引言

大地震发生时,抢救生命为第一要务,但高烈度区常造成供电、交通、通信等生命线工程中断,使灾情数据获取、灾情信息提取及灾情上报与发布等工作出现困难,严重阻碍应急救援工作。多次大地震应急实践表明,视频会议具有快速联动的特点。在最短的时间内实现视频、语音和数据共享,保证地震应急信息快速传递、高效处理,是支持防震减灾工作的有效手段。

云南省是我国地震灾害损失最严重的地区之一,地震频度高,震级大,分布广,灾害重,且地貌复杂,山高谷深,沟壑纵横,河流纵横,防震减灾工作面临严峻挑战。在中国地震局和云南省人民政府防震减灾“十五”“十一五”“十二五”等应急重大科学工程支持下,云南省建成1套纵向覆盖中国地震局、云南省地震应急指挥大厅、云南省地震现场指挥部、16个州市级地震部门、129个县级地震部门,横向覆盖30余省政府抗震救灾指挥部成员单位、省应急厅和省消防总队及其下属支队的多网段互联地震应急视频会议系统。但随着云南省震情形势日益严峻,新形势下抗震救灾要求越来越高,云南地震应急视频会议系统节点逐渐增加,承担的工作越来越多、越来越杂,逐渐出现了建设成本高、设备兼容性差、带宽速率不足等问题。因此在新形势下,建设全时程高质量支持跨网段、多信号的应急视频会议系统成为关键问题。

1 现状分析
1.1 地震部门视频会议系统现状分析

自2000年“十五”数字地震观测网络项目建设以来,中国地震局架设了地震行业专网,建成了2套地震应急视频会议系统,其中1套基于H.323标准,覆盖全国各省级地震局指挥中心(刘在涛,2010),另1套基于VAST卫星通信网,覆盖国家、省级地震局指挥中心和现场移动通信车。在中国地震局指导和省人民政府的支持下,多个省开始对地震应急视频会议系统进行升级改造,如黑龙江省建设了以省局为中心、以10个直属地震台站为分会场的视频会议系统(高东辉等,2014),辽宁省建设了下达14个县级应急指挥大厅的视频会议系统(于浩等,2016),四川省建设了以应急指挥大厅为中心,联通中国地震局、四川省委省政府、地震应急现场、外省地震局及省级相关部门、部分市(州)、县(区)视频会议系统(张翼等,2012)。随着通信技术的发展,基于3G、4G信号和互联网的地震现场视频会议系统逐渐得到应用,如张方浩等(2019)提出基于互联网多信道轻度集成的现场视频会议系统架构,徐年等(2015)张洁等(2014)探讨了3G技术在地震视频会议中的应用。通信网的扩展导致地震应急视频会议节点增多,地震工作者对组网模式进行了探讨。张维佳等(2013)提出地震应急视频会议组网有行业网和卫星网,组网结构分为点点结构、网状结构和树状结构;郑树平等(2016)提出组网模式有单网、双网、多网和外网;林向洋等(2019)分析多层级跨网视频会议系统架构特点,着重分析跨网段“背靠背”转发优化,提出多层级树状组网结构。地震应急视频会议逐渐在地震应急、联调测试、会商讨论、远程培训等方面发挥巨大作用(郑树平,2013孙艺等,2014贾军鹏等,2016郁璟贻等,2018)。
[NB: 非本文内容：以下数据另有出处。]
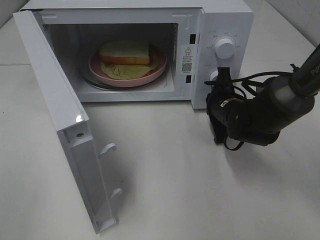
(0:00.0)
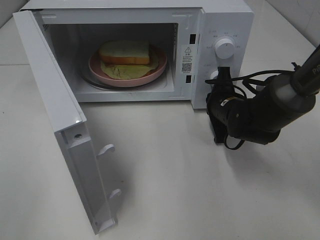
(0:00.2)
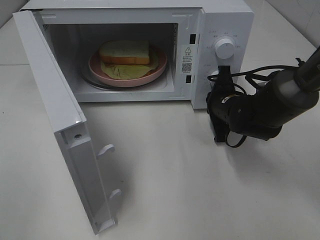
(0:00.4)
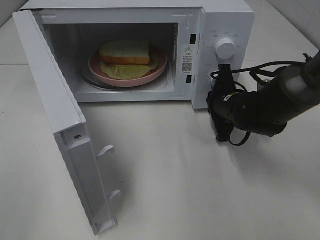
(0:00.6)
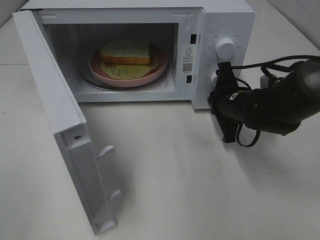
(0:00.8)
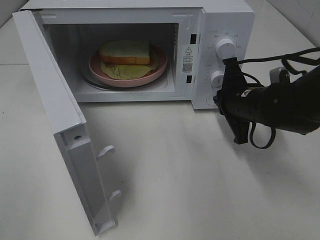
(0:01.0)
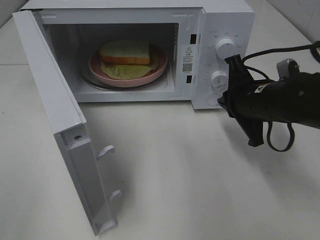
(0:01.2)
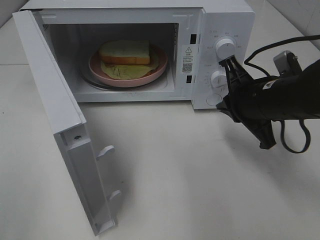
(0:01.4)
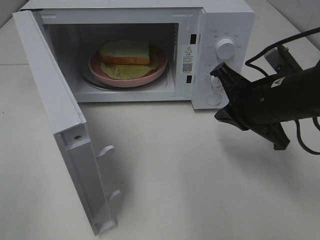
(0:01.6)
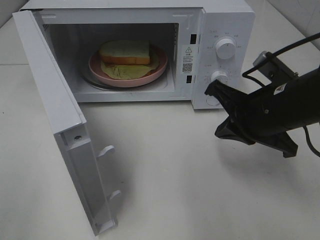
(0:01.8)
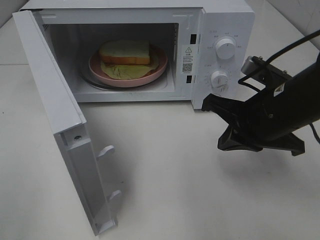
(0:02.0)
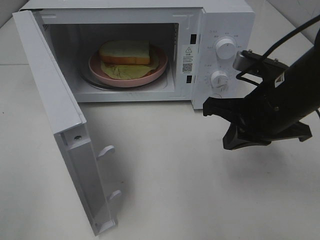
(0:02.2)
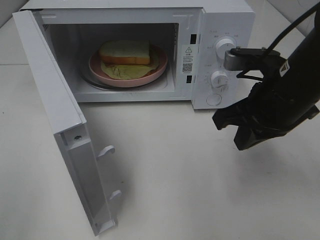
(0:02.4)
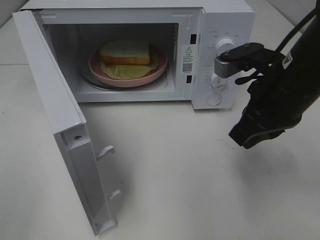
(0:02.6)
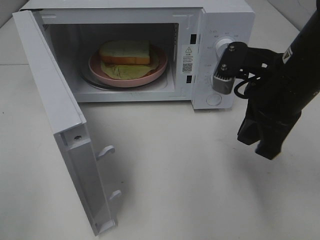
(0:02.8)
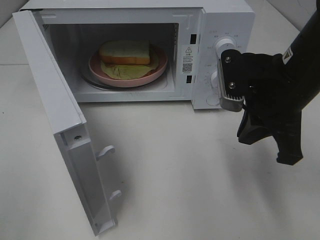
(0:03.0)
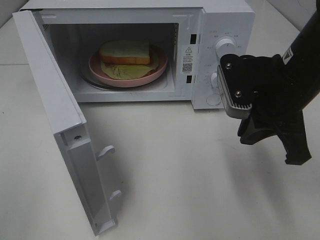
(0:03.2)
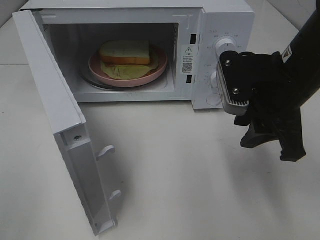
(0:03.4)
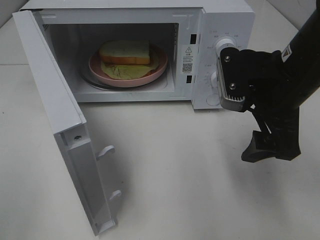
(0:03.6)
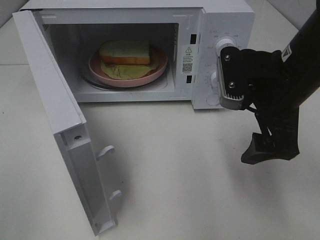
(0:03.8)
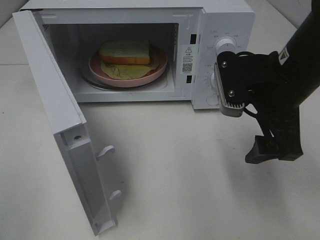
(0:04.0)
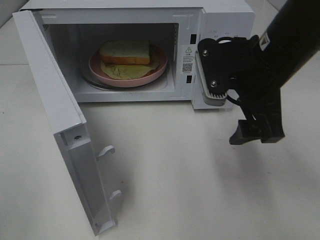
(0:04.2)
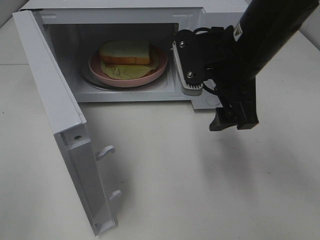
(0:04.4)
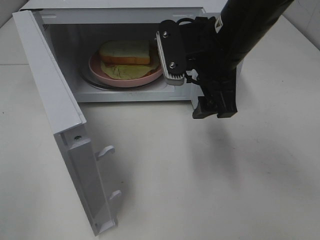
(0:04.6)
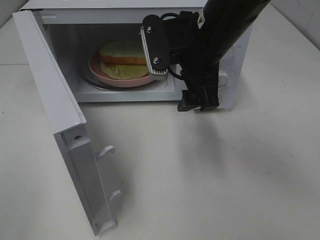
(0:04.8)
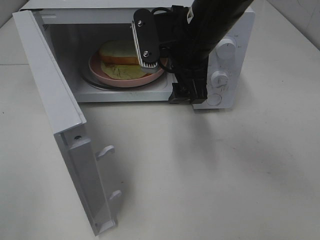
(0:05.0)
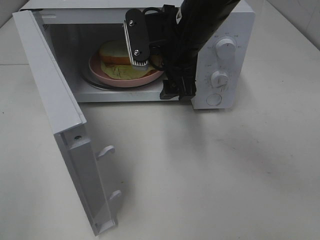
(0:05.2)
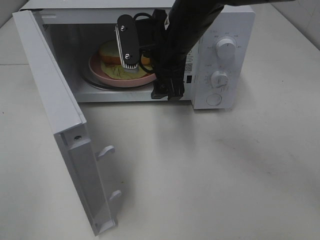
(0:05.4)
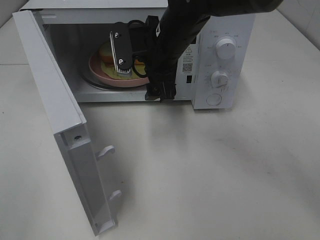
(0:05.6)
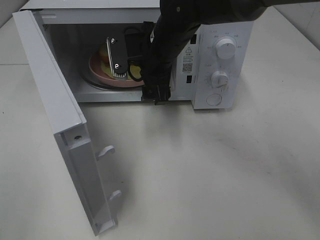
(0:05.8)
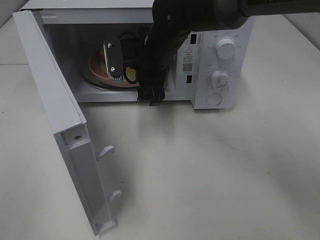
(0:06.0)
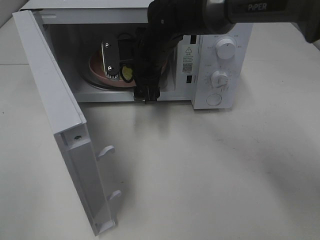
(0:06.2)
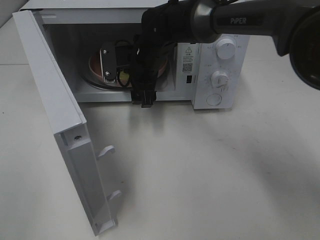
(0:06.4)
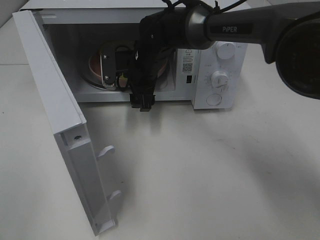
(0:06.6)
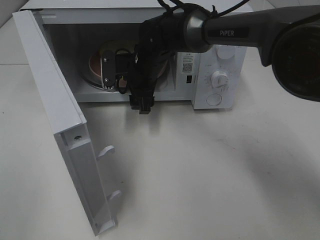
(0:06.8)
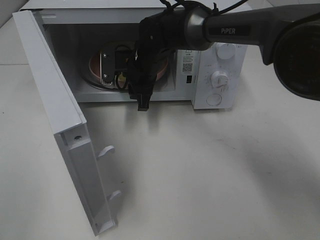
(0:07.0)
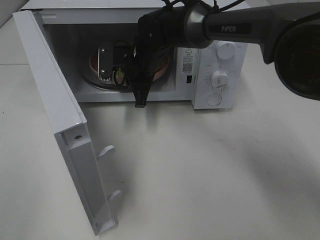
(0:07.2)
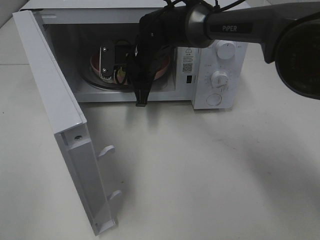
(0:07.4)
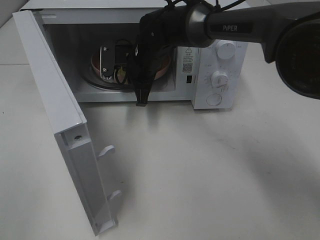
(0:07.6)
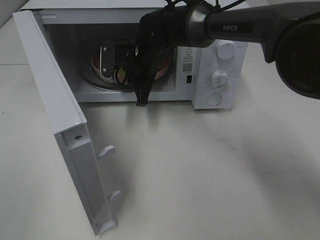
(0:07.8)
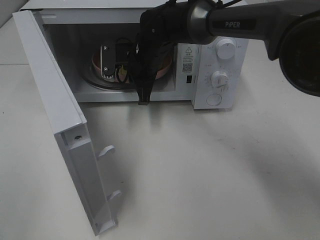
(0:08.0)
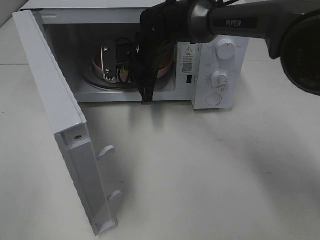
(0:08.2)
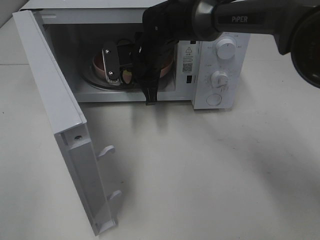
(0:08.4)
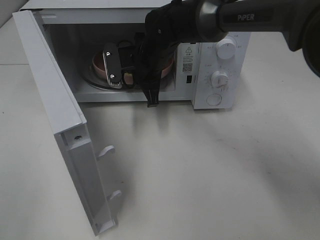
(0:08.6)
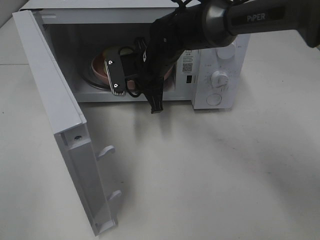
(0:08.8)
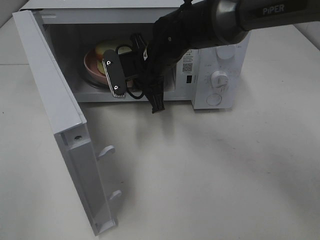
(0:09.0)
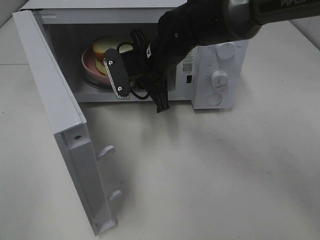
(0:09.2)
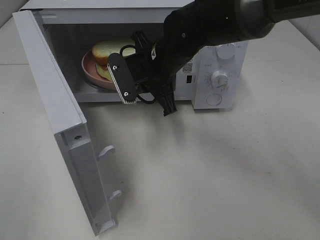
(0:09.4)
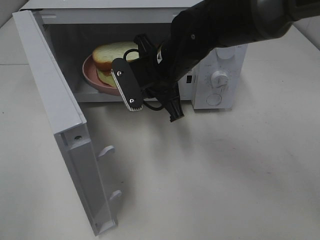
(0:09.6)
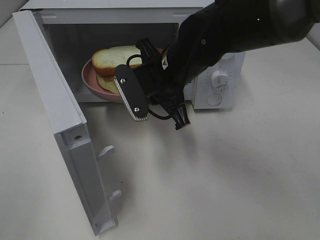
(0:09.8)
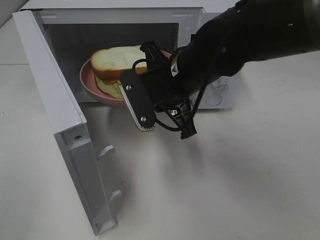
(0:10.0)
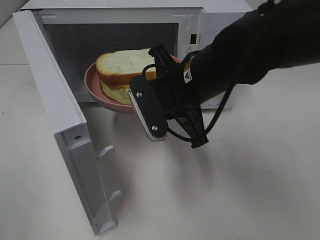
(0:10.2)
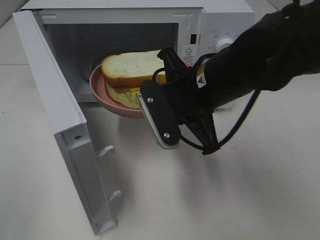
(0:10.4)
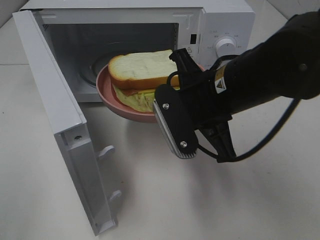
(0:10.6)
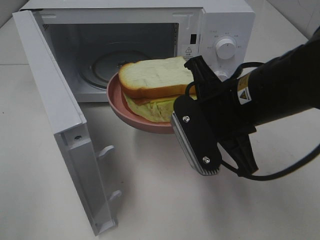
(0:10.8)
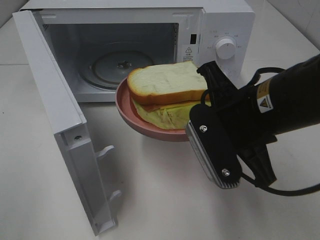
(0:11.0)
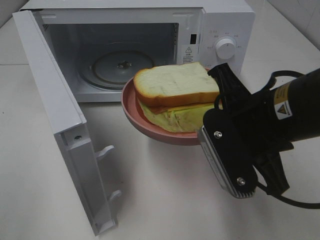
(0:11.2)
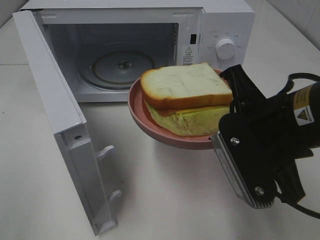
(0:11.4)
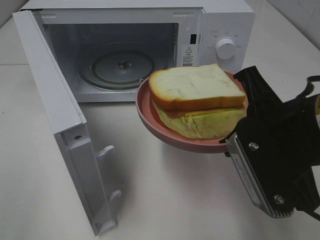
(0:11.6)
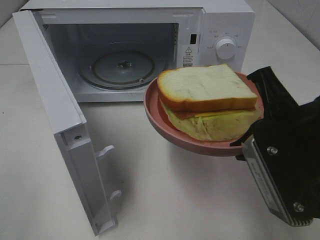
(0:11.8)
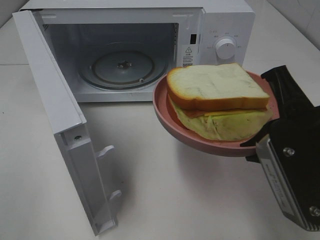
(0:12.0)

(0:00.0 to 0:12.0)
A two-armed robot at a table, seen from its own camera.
Task of the whole recording: Heat Sandwich.
Step, 0:01.4 - 0:07.2: Right hand: grab the plate with the sandwich.
0:00.0 - 0:01.6: The right gripper moves upward and backward, about 15 cm.
0:03.0 - 0:04.4: The right gripper travels to the left by about 5 cm, and opens.
0:04.4 - 0:06.0: The right gripper goes approximately 20 cm forward, to the left and downward.
0:06.0 - 0:07.6: The right gripper moves some 5 cm, and closes up.
0:07.6 - 0:09.0: The right gripper travels backward by about 5 cm.
0:09.0 - 0:10.4: The right gripper heads backward and to the right, covering approximately 15 cm.
0:10.4 - 0:12.0: The right gripper goes about 15 cm backward and to the right.

值得注意的是,视频会议已在地震系统中经历十多年的发展,单纯基于硬件的视频会议日趋饱和,逐渐出现视频会议效果不佳的问题,如设备兼容性和稳定性不足(林向洋等,2017)、带宽速率不足(许瑞杰等,2018张方浩等,2019)等。因此,为支持跨网段、多信号的应急视频会议,部分省级地震部门开始探索云视频在地震系统中的应用,如李敏等(2017)通过搭建云视频原型,发现采用云技术的视频会议系统在连通性、扩展性和资源优化性方面具有巨大优势;杨玉永等(2017)依托移动智能终端,通过测试证明云视频具有扩展性强、多源信息融合、移动灵活的特点。

1.2 地震部门视频会议关键技术参数现状分析

目前地震部门采用的高清视频会议系统关键技术参数包括以下3个方面:①网络通信协议。国际上网络通信协议主要标准有H.323和SIP,但由于H.323属于ITU标准,更易与传统电话网兼容,且推出较早,协议发展较成熟,解决了点对点及多点视频会议中如呼叫与会话控制、多媒体与带宽管理等问题,是目前主流的通信协议。②音视频编码技术。目前最新的视频编码标准为H.265,在传输码率和占用内存方面优于H.264,但由于高昂的专利费用和硬件性能高需求,H.264仍是主流视频编码标准(表 1)。在宽带音频协议方面,G.719音频由于带宽更宽、传输码率较低、运算相对简单、时延低,是主流的音频协议(毛婷,2015)。③图像标准。图像标准即图像分辨率,常见标准有CIF、4CIF、720P、1080P等,在H.323协议簇中规定了各种标准的分辨率。随着视频会议的发展,视频会议图像标准越来越趋于720P和1080P。

表 1 主流视频编码标准优缺点对比表 Table 1 Comparison of advantages and disadvantages of mainstream video coding standards
2 组网模式研究
2.1 部署情况

在2005年中国地震局“数字地震观测网络项目”、2009年“云南地震安全工程”和2015年“云南省全面加强预防和处置地震灾害能力建设10项重点工程”的支撑下,建成了1套分布式多网段互联的地震应急视频会议系统,该系统由省局指挥中心、现场工作队和州市县级指挥中心组成(图 1),其中省局指挥中心部署5套视频会议终端、3套MCU,现场工作队部署4套视频会议终端,州市县级指挥中心共部署145套视频会议终端,州市级指挥中心部署16套MCU设备。该系统现有173套视频会议设备,穿透5个通信网(表 2)。通过地震行业网实现国家中心-省级中心-州市中心-县区中心的4级视频联动,其中各州市配置1套MCU设备,可自行完成州市组会。通过卫星网实现省局指挥中心和现场工作队的互联互通,同时使用互联网作为前后方互通的手段,通过电子政务网实现与30余家省级抗震救灾指挥部成员单位的互联互通,通过消防系统专网实现与云南省应急厅和云南省消防总队及下属支队的互联互通。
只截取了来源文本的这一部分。